Locked in amber around the world are countless tiny flowers and small animals ranging from insects to lizards. Among these are hell ants—extinct ants with scythe-like jaws that moved upward in a vertical plane rather than horizontally. However fearsome these sound, you might well wonder how such an ant could eat. Detailed images of a newly discovered species of hell ant in Burmese amber may hold the answer.

All living ants—and lots of fossilized ones—have pincer-like mandibles that converge in front of the face. Their mandibles serve many functions—cutting leaves, digging, carrying their young, and ripping off bits of food from either a plant or dead animal. Since no living ants have vertically oriented mandibles, scientists can’t be certain how hell ants used them, but now they have some good clues.

Hell ants have been found in amber deposits in Burma, France, and Canada. Scientists Philip Barden, Hollister Herhold, and David Grimaldi have recently discovered a new species to add to the list. They found it in amber from a mine in Myanmar. After studying the unusual features of the ant’s head with modern imaging techniques, they thought its name should reflect a vampire-like nature. Linguamyrmex vladi is a name incorporating Greek for ant (myrmex), Latin for tongue (lingua), and vladi to commemorate the Wallachian ruler Vlad III, whose execution-style inspired his nickname Vlad the Impaler and his fictional avatar Count Dracula.

Though no known living species of ant has vertical-moving mandibles, Linguamyrmex vladi resembles modern species of trap-jaw ants, such as Odontomachus bauri, in that it has little hairs near the jaw. In the trap-jaw ant, disturbance of these hairs triggers the jaws to suddenly swing into action. The trap-jaw ant snaps its jaws together to grab prey or pinch an attacker. Linguamyrmex vladi’s mandibles cannot close together to grip prey, so how might they work? Well, the scientists’ best guess about how this hell ant eats is the reason its discoverers thought it needed a vampire moniker.
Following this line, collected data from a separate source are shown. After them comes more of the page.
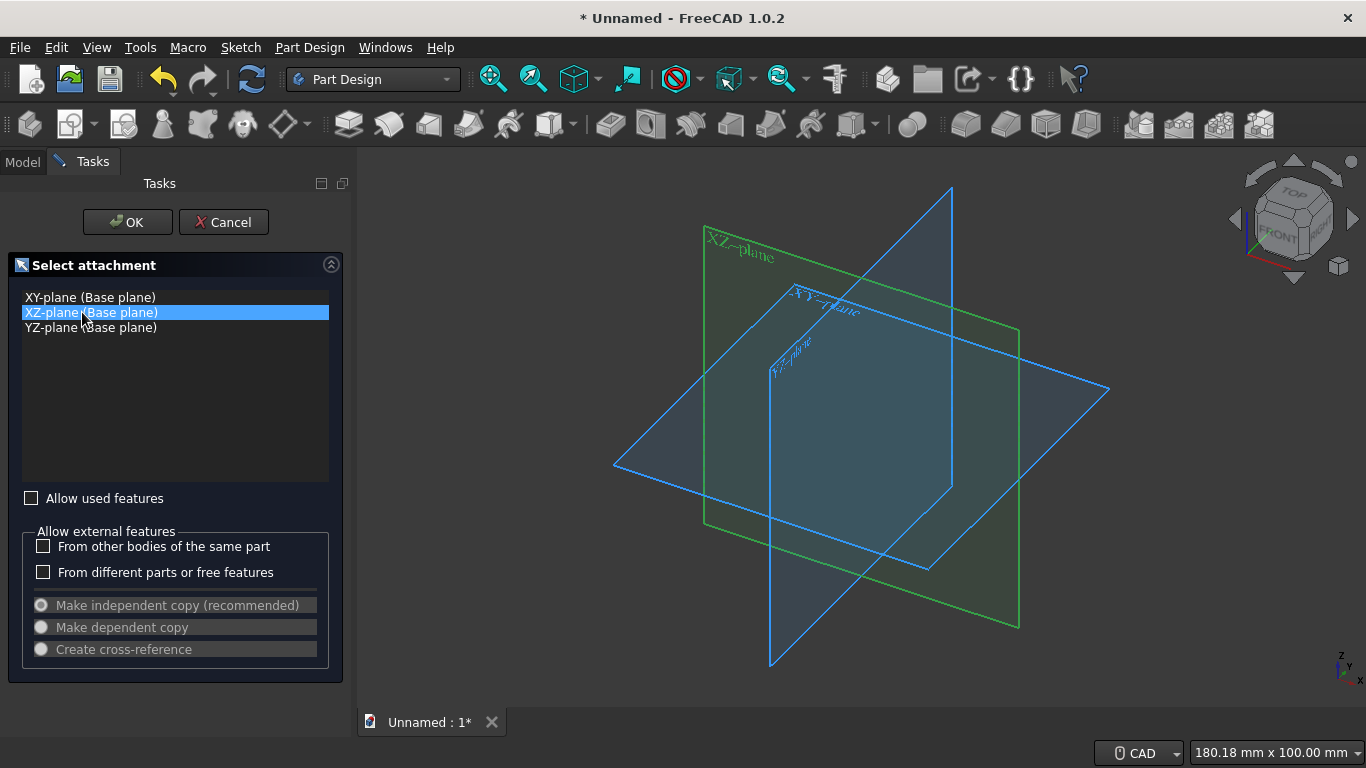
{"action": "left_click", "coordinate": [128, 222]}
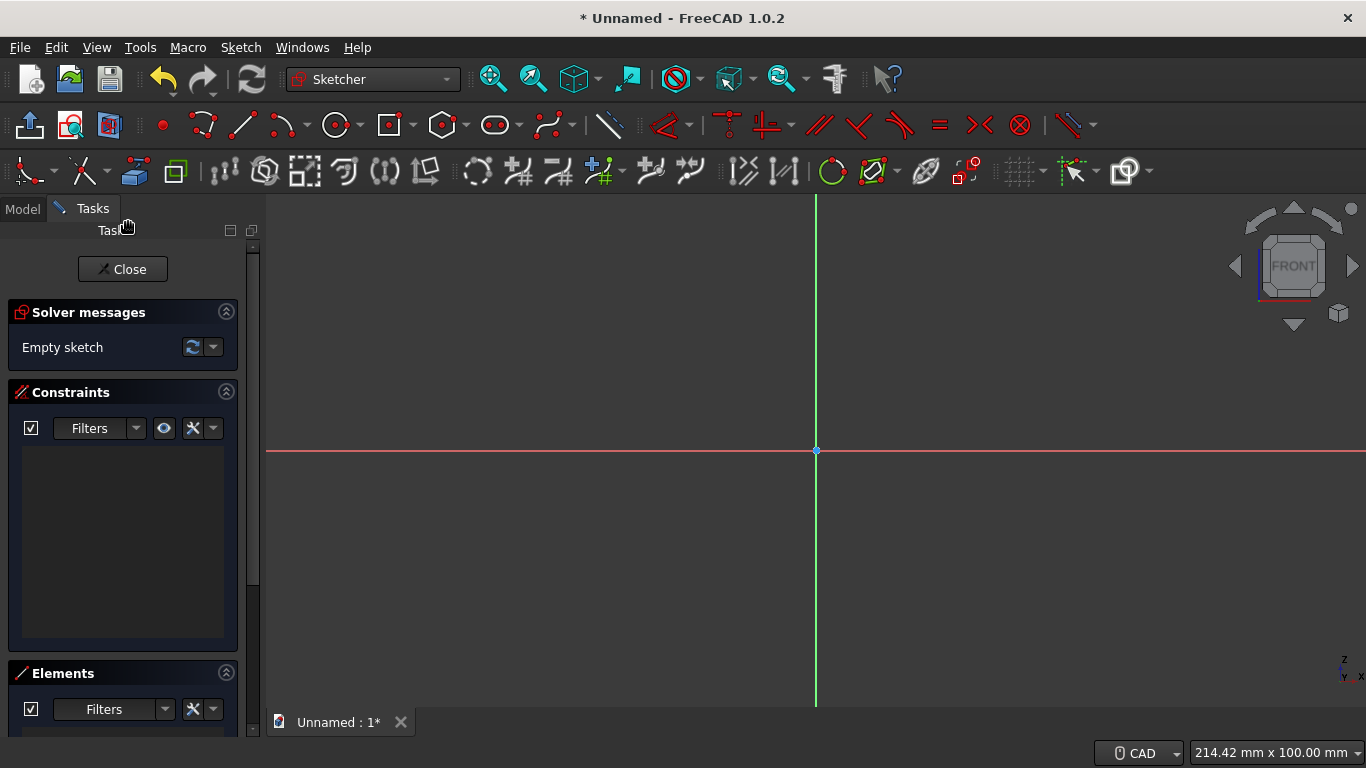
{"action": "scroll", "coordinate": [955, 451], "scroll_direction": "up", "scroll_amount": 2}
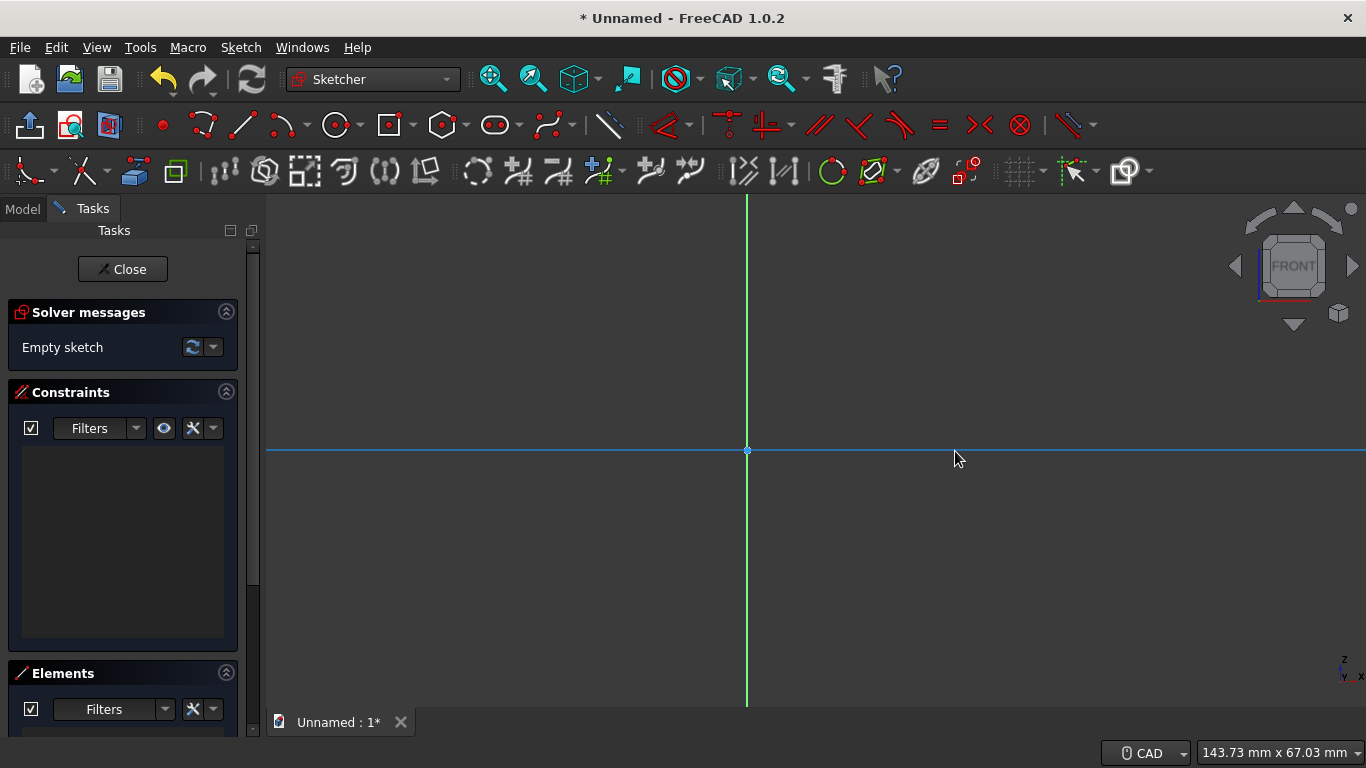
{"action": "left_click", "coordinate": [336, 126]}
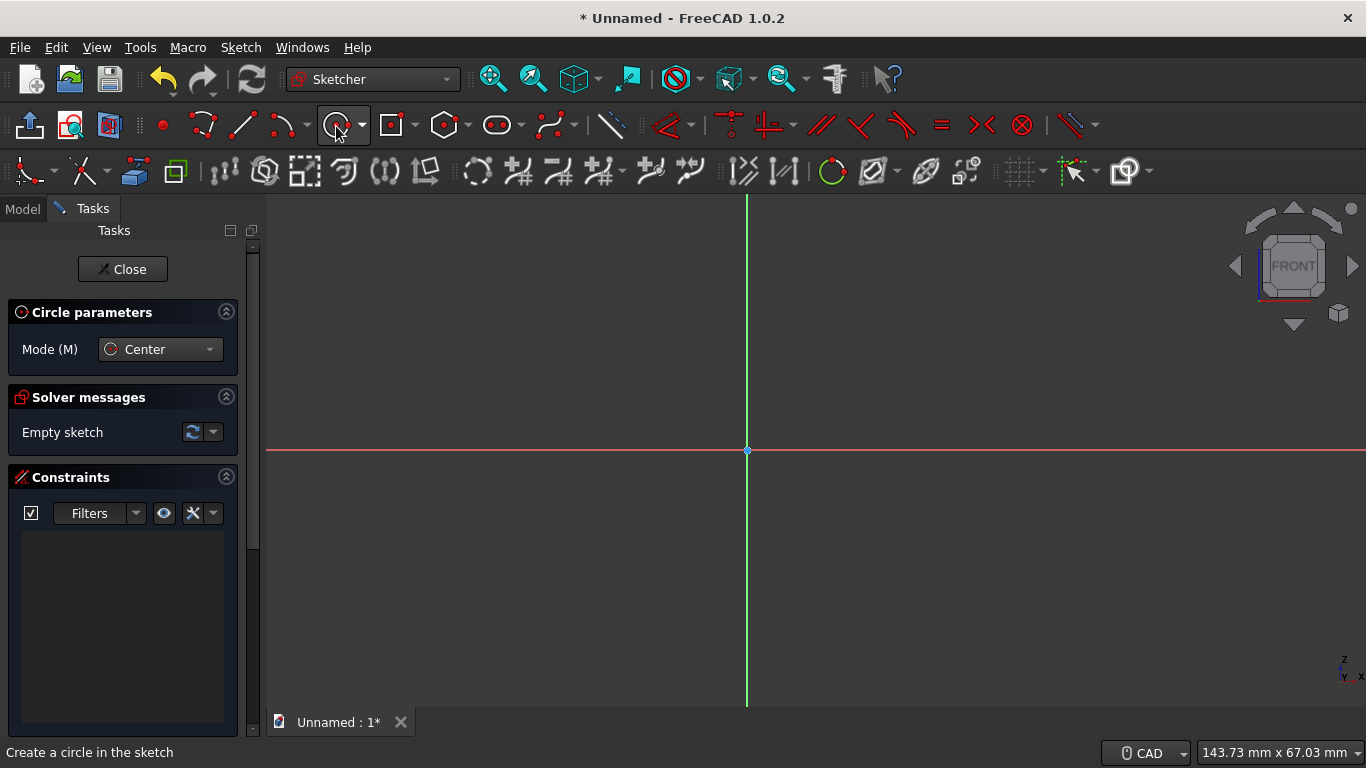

Close imaging of the amber-preserved fossil shows the mandibles have a concave inner surface.1 This suggests that the mandibles, when swung upward, would come together to create a trough through which a fluid—like “bug blood”—could flow toward the ant’s mouth. This would not be a very nourishing source of food, if that’s how the ant really ate. You see, insects don’t really have blood like ours, but instead have a watery body fluid called hemolymph. Spiders pump digestive juices into their victims’ hemolymph, breaking down muscle and fat to create a nourishing slushie, but hemolymph alone doesn’t seem like it would offer much. Barden admits that, until someone finds an insect impaled on a hell ant’s mandibles, its diet will remain a matter of speculation. Of course, there is the possibility that the hell ant only used its mandibles to skewer plant parts and allow the sugary fluid in them to flow into its mouth. But the vampire-ish impalement of unwary insects is plausible, and it makes better story—especially around Halloween!

Profile of head of Linguamyrmex vladi

This profile of the Linguamyrmex vladi’s head shows its paired scythe-like mandibles. At their tip is the ant’s clypeal paddle, a backstop for the impact of the spring-loaded mandibles. A pair of hairs hanging from the paddle likely triggered the jaws to fire with the same amazing speed seen in the horizontally oriented mandibles of modern trap-jaw ants. Image by Kevmin, via Wikimedia Commons.

The idea that the hell ant’s mandibles slammed into and through something—whether an insect or piece of a plant—with a great deal of force is suggested by another interesting head appendage: a massive horn-like paddle projecting forward from the top of its head. This paddle is called a clypeal horn. Paired trigger hairs attached to the clypeal horn hang down between the mandibles. The clypeal horn would have provided a backstop against which the mandibles could slam, pinning prey or plants firmly against the paddle and allowing the fluid within to flow downward.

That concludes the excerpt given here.